Simalungun, PRESISI – NEWS | Masyarakat dari kerajaan-kerajaan Simalungun tidak mengenal yang dinamakan masyarakat adat, karena penduduknya terdiri dari kelompok bangsawan yang disebut Partuanon , dan masyarakat petani ( Paruma ) sebelumnya ada kelompok budak ( Joblon ) namun dihapus pemerintah kolonial belanda pada awal penjajahan di awal abad ke dua puluh.
Hal ini di ungkapkan Ketua Umum Patuha Maujana Simalungun, dr. Sarmedi Purba dalam temu pers bertemakan ” Tanah Simalungun Tanah Milik 7 Kerajaan”, Rabu,( 28/08/2024).
Sarmedi Purba menjelaskan, Patuha Maujana Simalungun melakukan pertemuan ini berkaitan adanya-adanya klaim dari berbagai pihak yang mengatasnamakan masyarakat adat dan tanah adat yang ada didalam wilayah Simalungun.
” Kasus pertanahan yang terjadi di wilayah administrasi Simalungun adalah murni kasus tindak pidana, dan tidak ada kaitanya dengan pengakuan sekelompok orang atas nama masyarakat adat ataupun tanah adat,” ucap dr. Sarmedi Purba.
Lebih lanjut Sarmedi menjelaskan, bahwa penduduk asli Simalungun terdiri dari empat kelompok marga yaitu, Sinaga, Saragih, Damanik, Purba ( SISADAPUR).
Ketua Patuha Maujana Simalungun membeberkan history Kabupaten Simalungun mengatakan, sejak kerajaan Simalungun pertama, Kerajaan Nagur yang sudah eksis sejak abad ke delapan, tanah-tanah di daerah Kabupaten Simalungun adalah tanah milik kerajaan yang kemudian berbagi menjadi empat kerajaan ( Raja Maropat ) yaitu kerajaan Tanah Jawa, Dolok Silou, Panei dan Siantar. Setelah menjadi daerah jajahan belanda pada awal abad ke dua puluh menjadi 7 kerajaan, ditambah tiga kerajaan, Raya, Purba, dan Silimakuta.
Sebelum perang dunia ke 2 tahun 1939 – 1945 dan dibawah pemerintahan kolonial belanda, daerah Kabupaten Simalungun berbentuk daerah pemerintahan otonomi kerajaan yang disebut daerah kerajaan Swapraja.

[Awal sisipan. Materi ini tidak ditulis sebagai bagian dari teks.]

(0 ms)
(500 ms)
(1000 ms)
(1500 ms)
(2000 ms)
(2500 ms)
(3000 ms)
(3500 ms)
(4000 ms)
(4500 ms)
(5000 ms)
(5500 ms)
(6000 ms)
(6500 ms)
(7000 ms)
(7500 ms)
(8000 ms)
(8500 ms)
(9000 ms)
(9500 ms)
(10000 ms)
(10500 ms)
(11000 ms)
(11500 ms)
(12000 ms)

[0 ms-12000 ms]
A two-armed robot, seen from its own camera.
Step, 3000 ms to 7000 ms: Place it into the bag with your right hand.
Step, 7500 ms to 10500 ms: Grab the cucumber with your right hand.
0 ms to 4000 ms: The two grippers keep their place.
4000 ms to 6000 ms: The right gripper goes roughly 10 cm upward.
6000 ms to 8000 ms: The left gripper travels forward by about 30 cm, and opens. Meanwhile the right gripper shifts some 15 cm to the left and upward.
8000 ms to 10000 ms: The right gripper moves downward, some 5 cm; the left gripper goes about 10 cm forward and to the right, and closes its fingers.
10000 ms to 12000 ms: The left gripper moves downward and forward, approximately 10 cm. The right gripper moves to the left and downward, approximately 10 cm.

“Sekali lagi kami ingin menegaskan bahwa tidak ada dan tidak dikenal istilah masyarakat adat di Simalungun, sejak abad ke 8 (delapan) Masehi sampai zaman NKRI, artinya tidak ada tanah adat di daerah Kabupaten Simalungun dari dulu hingga sekarang.”cetus Sarmedi Purba.

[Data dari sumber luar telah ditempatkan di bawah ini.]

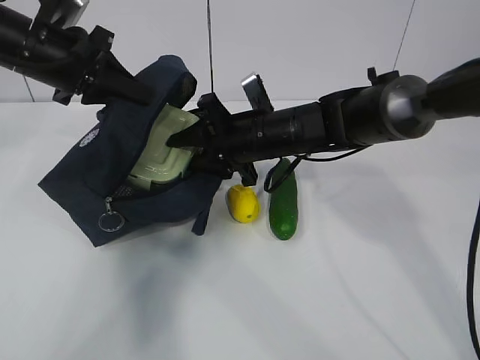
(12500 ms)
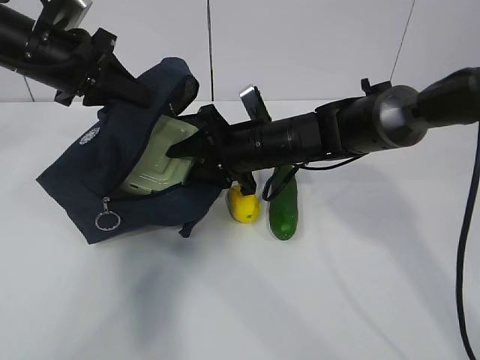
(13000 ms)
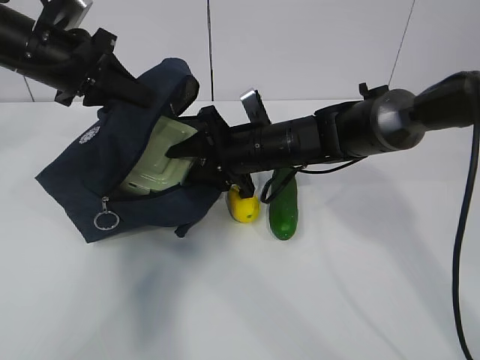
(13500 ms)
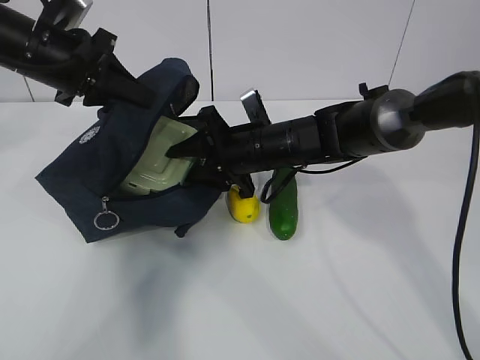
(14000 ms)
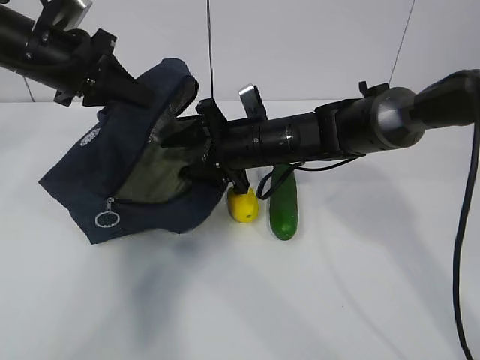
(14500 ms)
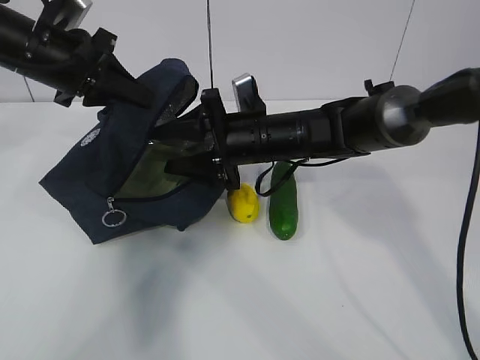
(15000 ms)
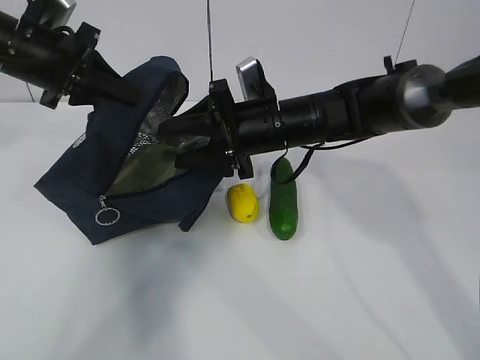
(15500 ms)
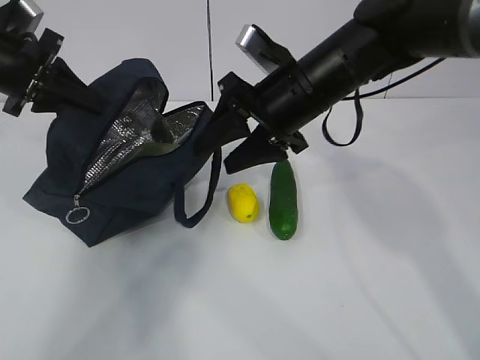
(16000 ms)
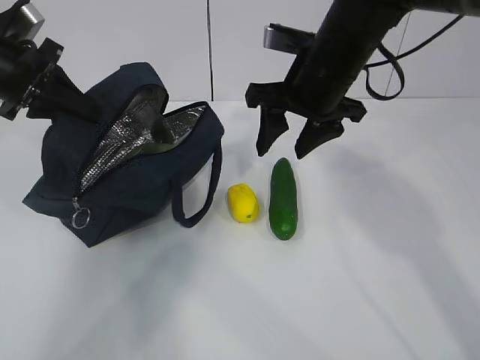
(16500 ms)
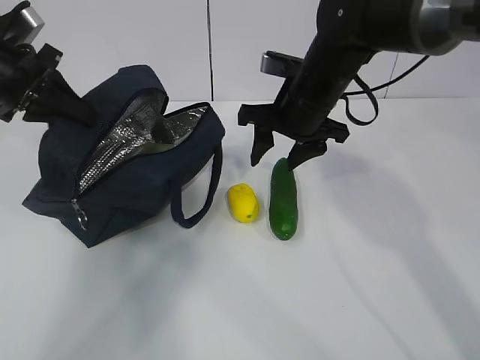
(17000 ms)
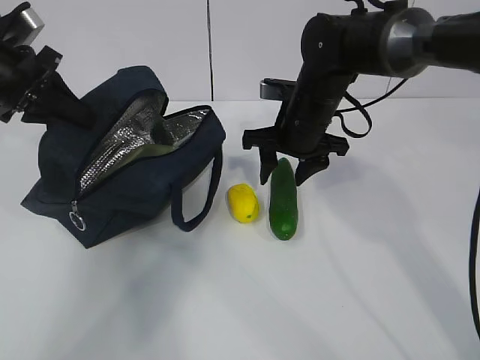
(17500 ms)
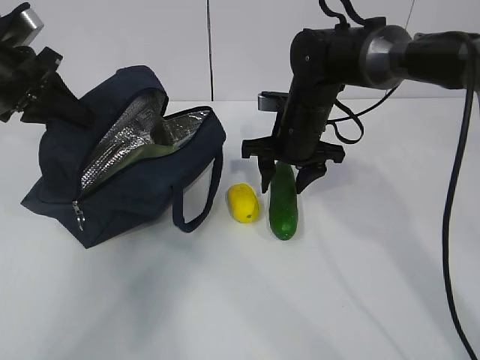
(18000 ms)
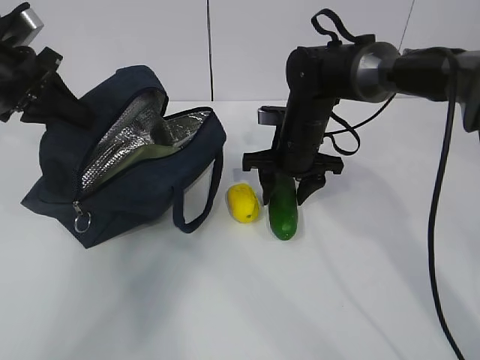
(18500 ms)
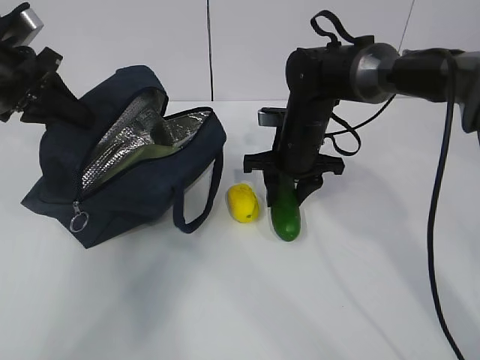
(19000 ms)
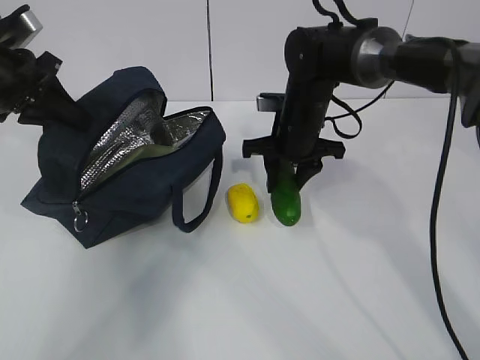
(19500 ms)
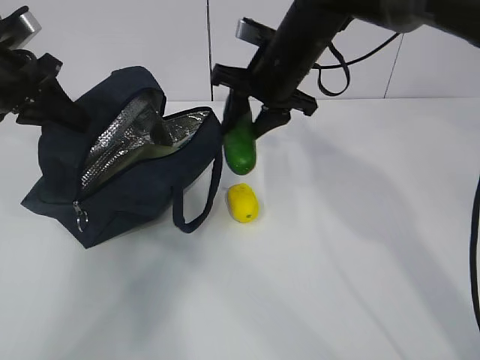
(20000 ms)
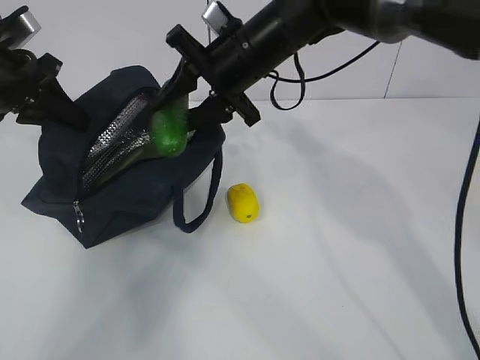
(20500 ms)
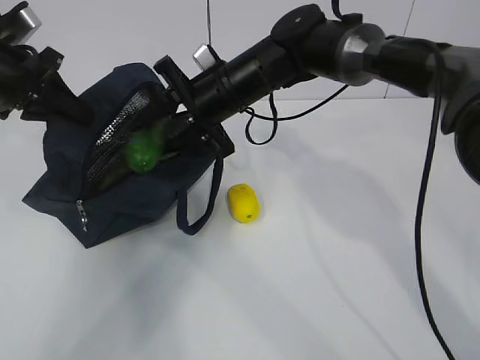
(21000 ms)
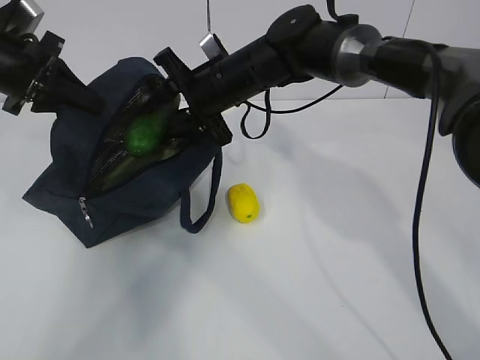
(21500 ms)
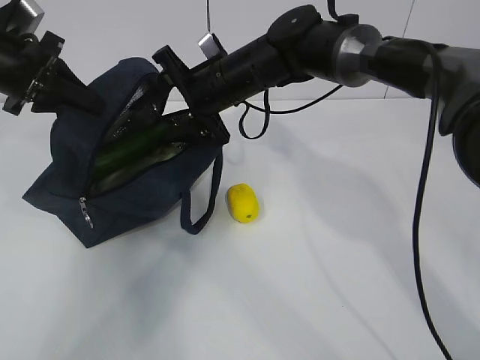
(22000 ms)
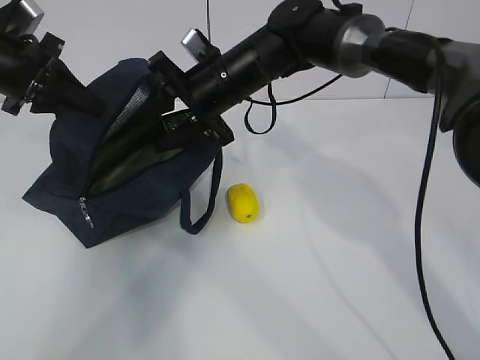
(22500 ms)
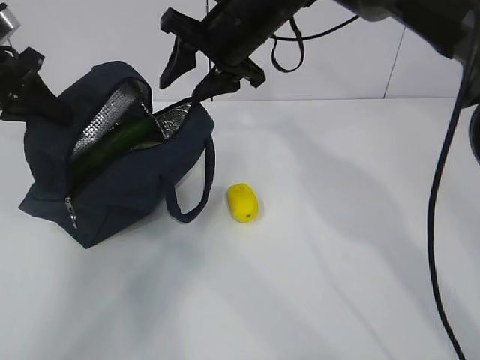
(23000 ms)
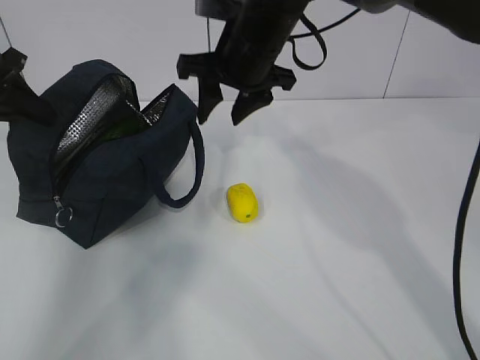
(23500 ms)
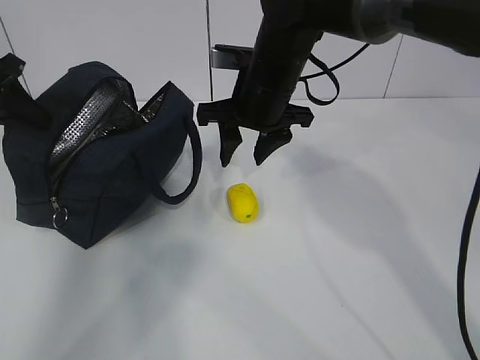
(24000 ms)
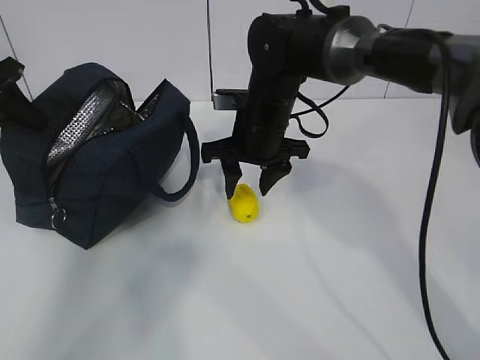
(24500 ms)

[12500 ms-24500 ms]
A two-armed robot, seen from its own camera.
Step, 14000 ms to 16500 ms: Grab the lemon with your right hand.
Step, 19500 ms to 22000 ms: Grab the lunch bag with your right hand.
Step, 22500 ms to 24000 ms: Move the lunch bag to the right.
12500 ms to 14500 ms: The grippers make only small movements.
14500 ms to 16500 ms: The right gripper shifts approximately 15 cm upward and to the right, while the left gripper travels to the left by approximately 5 cm.
16500 ms to 18500 ms: The right gripper moves downward and forward, some 15 cm.
18500 ms to 20500 ms: The right gripper moves upward and to the left, roughly 15 cm.
22500 ms to 24500 ms: The left gripper goes about 5 cm to the left. The right gripper ends up roughly 5 cm from where it was.

“Semoga klarifikasi dan konfirmasi kami ini dapat menjadi masukan dalam kebijakan pemerintah, dan pencerahan terhadap kelompok – kelompok lembaga sosial kemasyarakatan khusus terkait fakta dan sejarah tanah Habonaron Do Bona.”pungkasnya.

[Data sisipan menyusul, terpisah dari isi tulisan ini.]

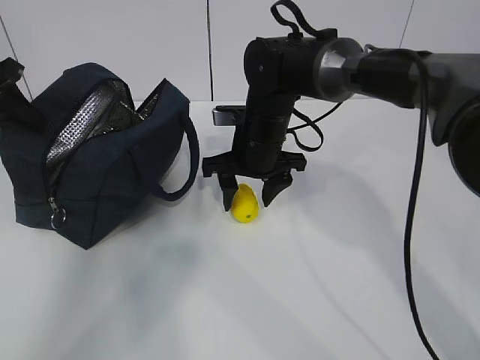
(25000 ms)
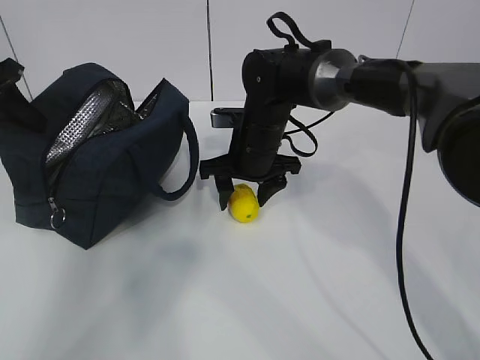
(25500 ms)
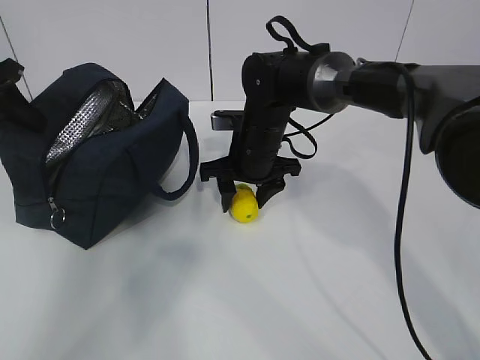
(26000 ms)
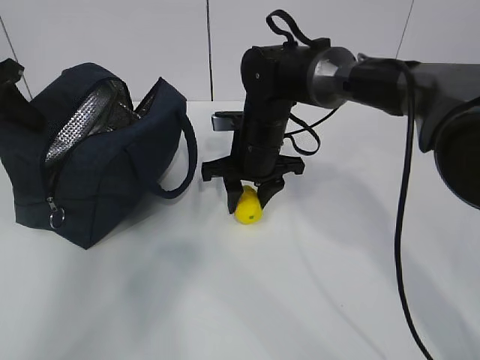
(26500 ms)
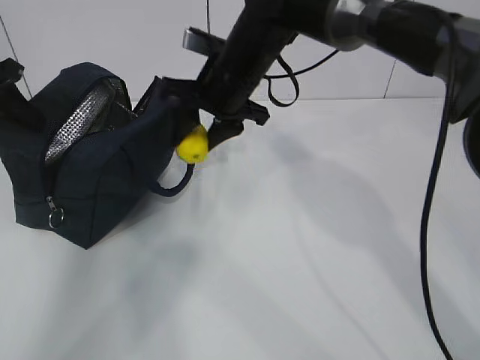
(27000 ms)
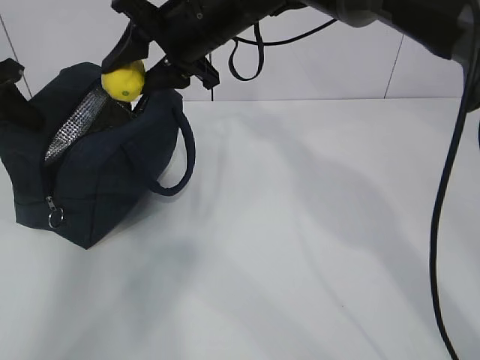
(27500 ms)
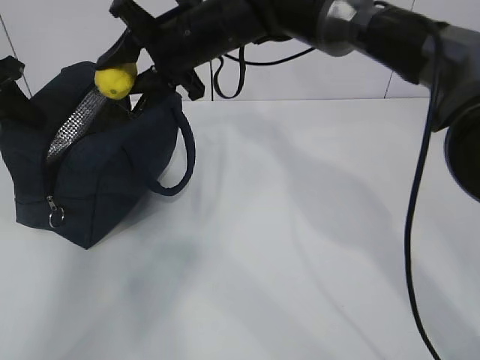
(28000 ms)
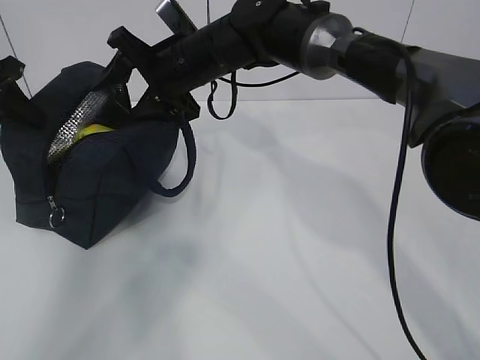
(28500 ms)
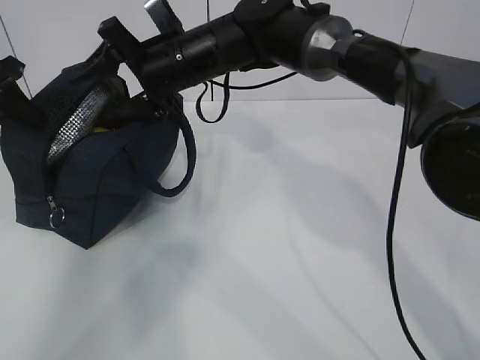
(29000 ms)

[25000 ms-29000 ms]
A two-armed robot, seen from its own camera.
25000 ms to 27000 ms: The right gripper goes some 10 cm upward.
27000 ms to 29000 ms: The right gripper goes some 5 cm to the left, and opens up.

Japaten Purba menambahkan, marga lain yang masuk ke Simalungun sebenarnya sudah mengetahui terkait tanah raja ini namun pura-pura tidak tahu sehingga itu yang menjadi masalah.
” Saya mengakui sendiri bahwa tidak ada tanah adat Simalungun dan memang karena terlalu luas Simalungun ini jadi sangat janggal marga yang diluar Simalungun mengatakan tanah adat ,” kata Ketua Bidang Adat dan Budaya Patuha Maujana Simalungun.
Sementara itu, salah seorang perwakilan dari DPP Himapsi, Dedi Damanik mengatakan, hanya ada empat marga yang ada di Simalungun yang merupakan penduduk asli , tapi begitupun Simalungun sudah cukup toleran, siapa pun yang datang dipersilakan. Namun untuk hal-hal yang sensitif tidak ada istilah tanah adat di Simalungun,” tegasnya.
Terlihat hadir dalam temu pers tersebut, Wakil Ketua Umum DPP Patuha Maujana Simalungun, Dr Minten Saragih, Japaten Purba Ketua Bdang Adat dan Budaya, Rohdian Purba Sekretariat Eksekutif dan Juliaman Saragih.